Это означало, что гости останутся в вотчине на столько, на сколько захотят – но только до весны, даже если не поймают Молчуна.

– А ладно бы было, – согласился Голован, ибо приютить у себя вольных, а тем паче таких почётных араксов, как Скиф, считалось за честь.

Отроки попросили топоры и удалились.

Волк не пришёл на вечернюю службу, а лишь отозвался где-то в лесу вёрст за пять.

А когда Голован стал служить заутреню, то уже более не услышал эха своего голоса…

Если бы Ражный оказался здесь в одиночку, то решил бы, что у него высокая температура или заболели глаза: чем дальше шли они, тем более увеличивалось напряжение пространства и сильнее колебалось марево, отчего лес уже плавал и изламывался, будто отражённый в воде.
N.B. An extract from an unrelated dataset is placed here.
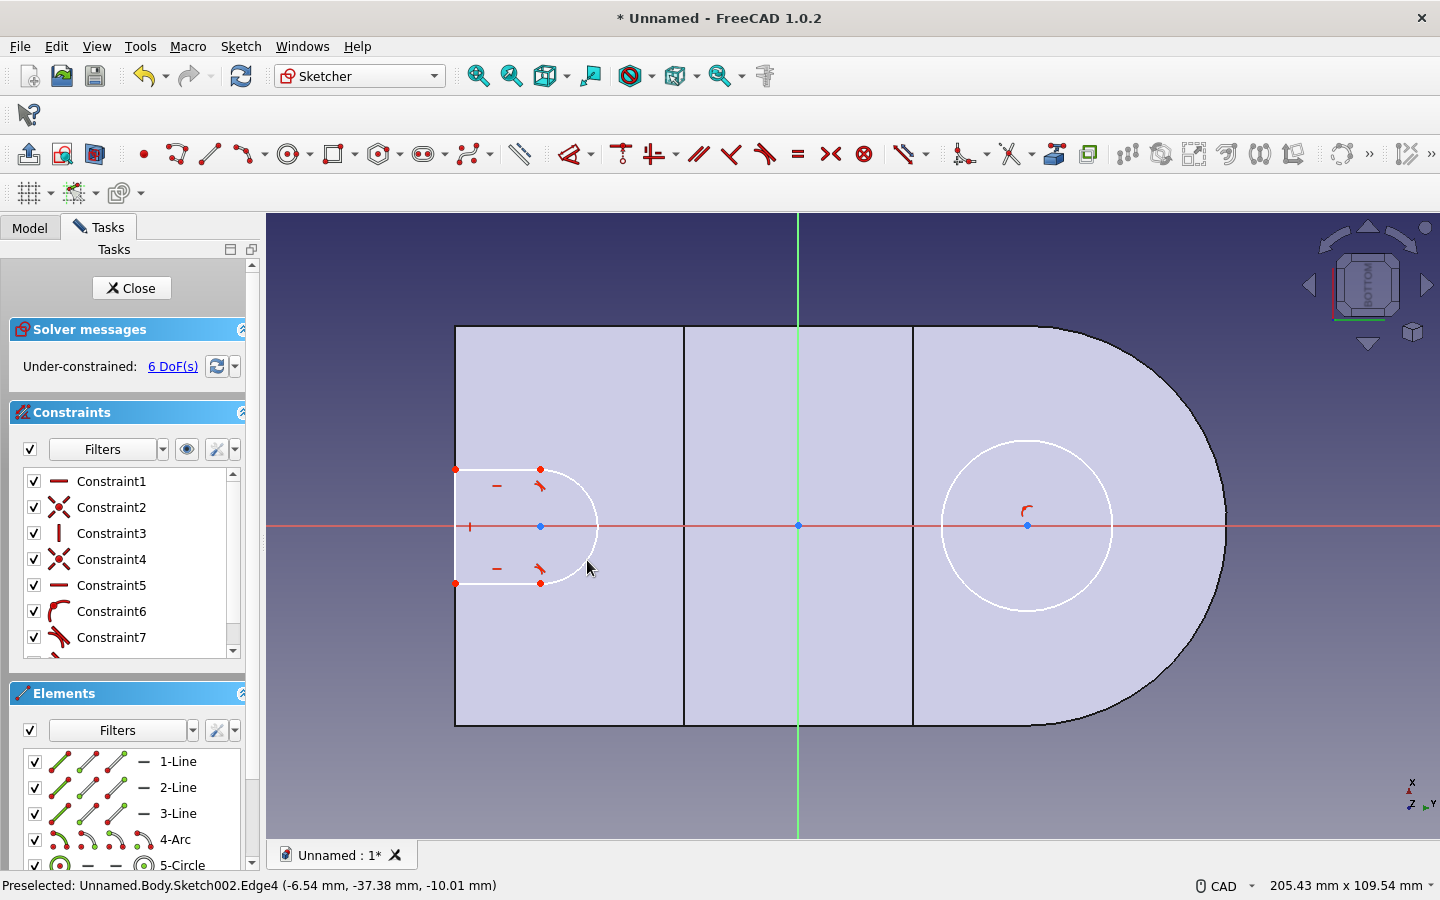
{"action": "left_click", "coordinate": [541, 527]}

Все выглядело реально – снег на земле и ветках, отдающий прелой листвой запах первого зазимка, приглушённые звуки шагов, звонкий стук дятла, долгий и тоскливый крик синиц. И одновременно все это воспринималось отстраненно, словно он находился в замкнутом пространстве и смотрел на мир сквозь волнистое стекло.

– Что, сирый, трясёт тебя? – вдруг поинтересовался калик, оглядываясь на ходу. – Здесь без привычки всех трясёт…

– Я ещё пока не сирый, – отозвался он.

– Но потряхивает?

– Нет…

– Ну ты поперечный! – изумился тот. – Идёт – качается, а признаться не хочет!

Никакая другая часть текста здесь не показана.